The idea of Provision is to package and provide data that is “ready to use”. A successful Data Strategy would identify the various data sharing needs and identify the necessary methods, practices, and tooling required to standardize data packaging and sharing.
Store Persisting data in a structure and location that supports access and processing across the enterprise.
Most IT organizations have solid plans for addressing this area of a Data Strategy. It’s fairly common for most companies to have a well-defined set of methods to determine the platform where online data is stored and processed, how data is archived for disaster recovery, and all of the other details such as protection, retention, and monitoring.
As the technology world has evolved, there are other facets of this area that require attention. The considerations include managing data distributed across multiple locations (the cloud, premise systems, and even multiple desktops), privacy and protection, and managing the proliferation of copies. With the emergence of new consumer privacy laws, it’s risky to store multiple copies of data, and it’s become necessary to track all existing copies of content. A successful Data Strategy ensures that any created data is always available for future access without requiring everyone to create their own copy.
Process Standardizing, combining, and moving data residing in multiple locations and providing a unified view.
It’s no secret that data integration is one of the more costly activities occurring within an IT organization; nearly 40% of the cost of new development is consumed by data integration activities. And Process isn’t limited to integration, it also includes correcting, standardizing, and formatting the content to make it “ready to use”.
With the growth of analytics and desktop decisioning making, the need to continually analyze and include new data sets into the decision-making process has exploded. Processing (or preparing or wrangling) data is no longer confined to the domain of the IT organization, it has become an end user activity. A successful Data Strategy had to ensure that all users can be self-sufficient in their abilities to process data.
Govern Establishing and communicating information rules, policies, and mechanisms to ensure effective data usage.

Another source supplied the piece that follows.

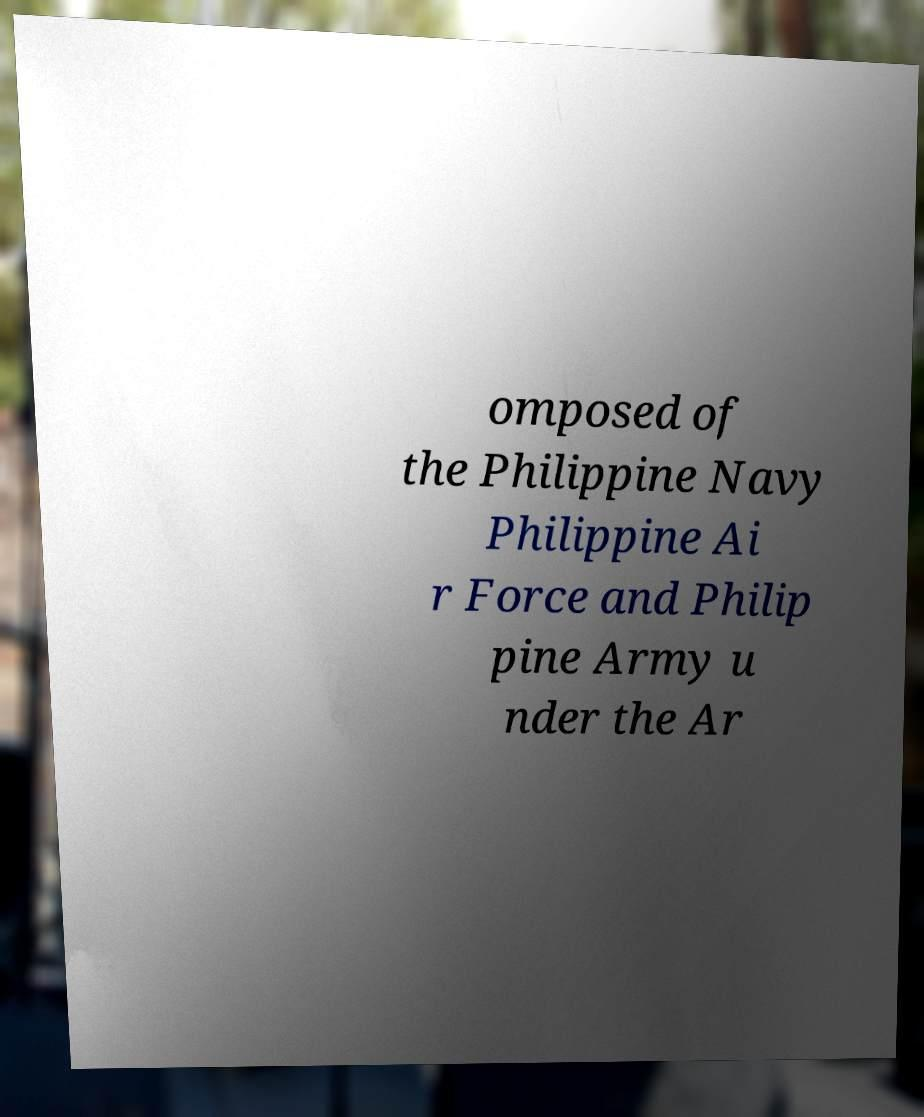Can you accurately transcribe the text from the provided image for me? omposed of the Philippine Navy Philippine Ai r Force and Philip pine Army u nder the Ar 
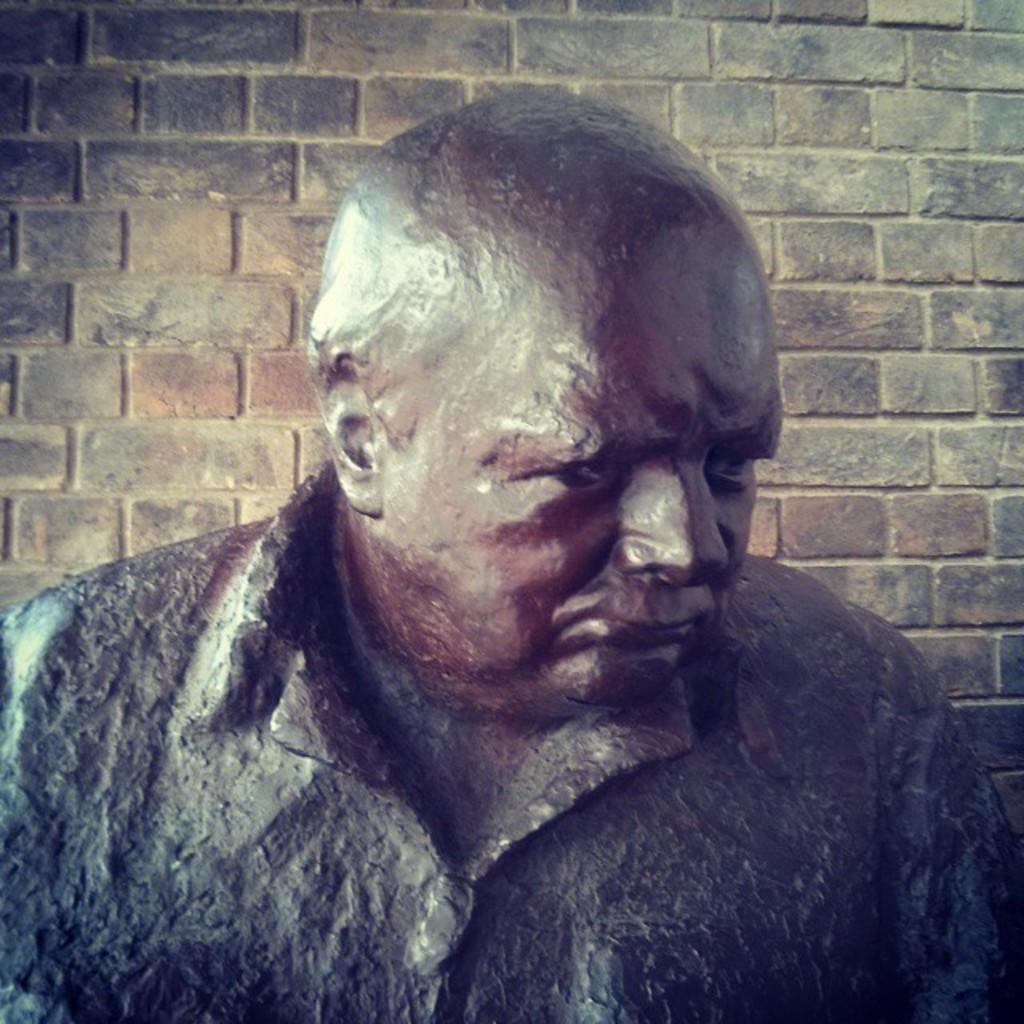What is the main subject of the image? There is a statue of a man in the image. Can you describe the appearance of the man in the statue? The man has a bald head. What can be seen in the background of the image? There is a wall visible behind the statue. What type of vest is the statue wearing in the image? The statue does not appear to be wearing a vest in the image. How does the statue support itself on the wall? The statue is a stationary object and does not need to support itself on the wall.

While most organizations are quick to identify their data as a core business asset, few have put the necessary rigor in place to effectively manage data. Data Governance is about establishing rules, policies, and decision mechanisms to allow individuals to share and use data in a manner that respects the various (legal and usage) guidelines associated with that data. The inevitable challenge with Data Governance is adoption by the entire data supply chain – from application developers to report developers to end users. Data Governance isn’t a user-oriented concept, it’s a data-oriented concept. A successful Data Strategy identifies the rigor necessary to ensure a core business asset is managed and used correctly.
The 5 Components of a Data Strategy is a framework to ensure that all of a company’s data usage details are captured and organized and that nothing is unknowingly overlooked. A successful Data Strategy isn’t about identifying every potential activity across the 5 different components. It’s about making sure that all of the identified solutions to the problems in accessing, sharing, and using data are reviewed and addressed in a thorough manner.
During my time teaching Data Strategy in the class room, I’m frequently asked the question, “how do I know if I need a data strategy?” For those of you that are deep thinkers, business strategists, or even data architects, I suspect your answer is either “yes!” or “why not?”.
When I’m asked that question, I actually think there’s a different question at hand, “Should I invest the time in developing a data strategy instead of something else?”
In today’s business world, there’s not a shortage of “to do list” items. So, prioritizing the development of a Data Strategy means deprioritizing some other item. In order to understand the relative priority and benefit of a Data Strategy initiative, take a look at the need, pain, or problem you’re addressing along with the quantity of people affected. Your focus should be understanding how a Data Strategy initiative will benefit the team members’ ability to do their job.
To get started, I usually spend time up front interviewing folks to understand the strengths, weaknesses, challenges, and opportunities that exist with data within a company (or organization). Let me share 5 questions that I always ask.
- Is the number of users (or organizations) building queries/reports to analyze data growing?
- Are there multiple reports containing conflicting information?
- Can a new staff member find and use data on their own, or does it require weeks or months of staff mentoring?
- Is data systematically inspected for accuracy (and corrected)? Is anyone responsible for fixing “broken data”?
- Is anyone responsible for data sharing?
While you might think these questions are a bit esoteric, each one has a specific purpose. I’m a big fan of positioning any new strategy initiative to clearly identify the problems that are going to be solved. If you’re going to undertake the development of a Data Strategy, you want to make certain that you will improve staff members’ ability to make decisions and be more effective at their jobs. These questions will help you identify where people struggle getting the job done, or where there’s an unquantified risk with using data to make decisions.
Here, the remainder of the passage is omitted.